Table 4 compares the accuracy performance between a model’s evaluation and test sets at the early, middle, and late stages of training. We conducted this analysis on the C3D [10] model and found that its performance on the validation set was similar to that of the scratch one. However, when we compared the models on the test set, we observed a significant difference between them, indicating that using the KD-guided models results in better generalization of unseen data. Additionally, the performance of both C3D KD-guided models in the early stage outperformed by more than 7 percent of the model trained from scratch in the complete settings, suggesting that KD-guided models significantly reduce the computational resources required to train a model. During the middle stage of training, models show stability and a constant increase in their performance. During the late stage, all models display a similar dynamic, with KD-guided models achieving the best performance.

The R3D [28] architecture presents a dynamic similar to that of C3D. On the one hand, KD-guided models performed better than the model from scratch in almost every stage, and the one using R(2+1)D [29] as the teacher outperformed the fully trained scratch model in an early stage of training. In the middle and late stages, all models presented a stable increase, and in the late stage, the scratch model closed the gap with its KD counterpart.

Finally, the R(2+1)D [29] model behaves similarly to previous architectures. The KD models with C3D [10] and R3D [28] teachers achieved early stage performances of 43 and 48 in contrast to the scratch model’s 41, meaning the KD models outperformed the model trained from scratch in the early stages.

The consistency in the KD model’s superior early stage performance highlights the method’s robustness for boosting the generalization capabilities of the approach.

4.3. Robustness in Low-Data Scenarios

This section explores the robustness of models when trained in low-data scenarios using the settings from Section 3. Training deep learning models in low-data settings can be challenging due to the strong correlation between data dimensionality and model performance. In Section 4.3.1, Section 4.3.2 and Section 4.3.3, we review knowledge distillation performance using the R3D, R(2+1)D, and C3D architectures with 2, 25, and 50 percent of the original training set.

4.3.1. Performance Analysis Using Two Percent of the Training Set

Table 5 shows the performance during the initial, middle, and late training of a C3D model under a two-percent subset of the dataset.
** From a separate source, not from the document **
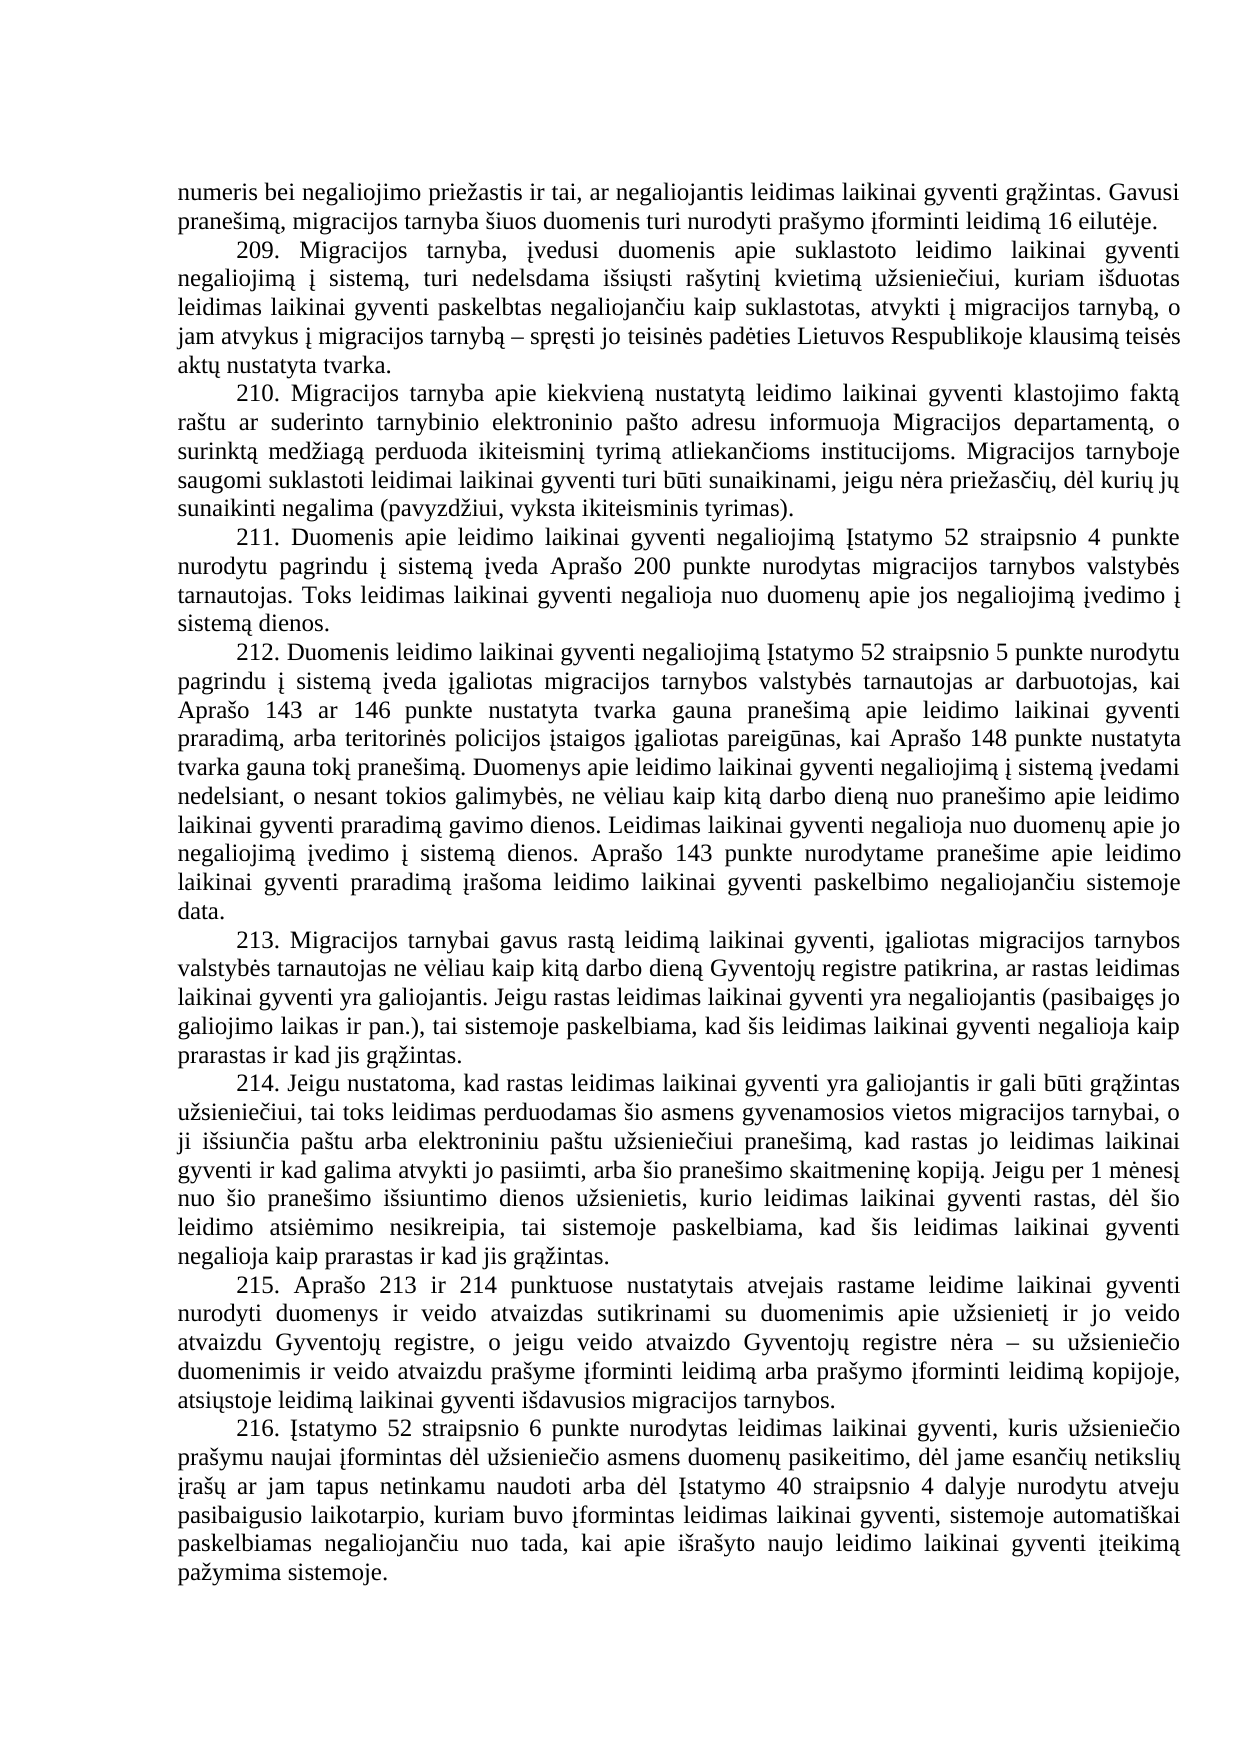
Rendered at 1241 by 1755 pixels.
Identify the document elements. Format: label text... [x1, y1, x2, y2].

Similar to its performance using the complete dataset, the KD-guided models showed better accuracy in the early stage compared to the scratch model, indicating that the feature representations learned from the teacher model improve the generalization of unseen data. In the middle and late stages of the training, all models showed signs of convergence and possible overfitting due to the low amount of data used.

Table 5 displays the performance of the C3D [10] model. In the early stage, the R(2+1)D-guided model performed similarly to the scratch model, while the C3D-guided model outperformed the scratch model. As the training progressed, both KD models outperformed the scratch model. Eventually, all models reached the limit of their classification accuracy, indicating that there is little room for improvement due to the limitations of the data used.

Finally, the performance of the R(2+1) shown in Table 5 confirms the behavior of the previous architectures. In the early stage of training, both KD models tend to outperform the scratch model; the performance of the scratch model slightly increases in the middle stage. Similarly, at the end of the training stage, the scratch model performs at the level of the KD-guided models, suggesting possible overfitting to the dataset.

4.3.2. Performance Analysis Using 25 Percent of the Training Set

This section explores the implications of using a proportion of 25% of the training set, as shown in Table 6. For the C3D architecture, similar to our experiments using two percent, KD-guided models achieved better performance than the scratch model, especially the R(2+1)D-guided model, which showed a significant increase in classification accuracy. Training for a longer time provides a slight improvement to accuracy for all models, while knowledge distillation models. Training the models for the complete 200 epochs does not improve the classification performance, suggesting overfitting to the dataset.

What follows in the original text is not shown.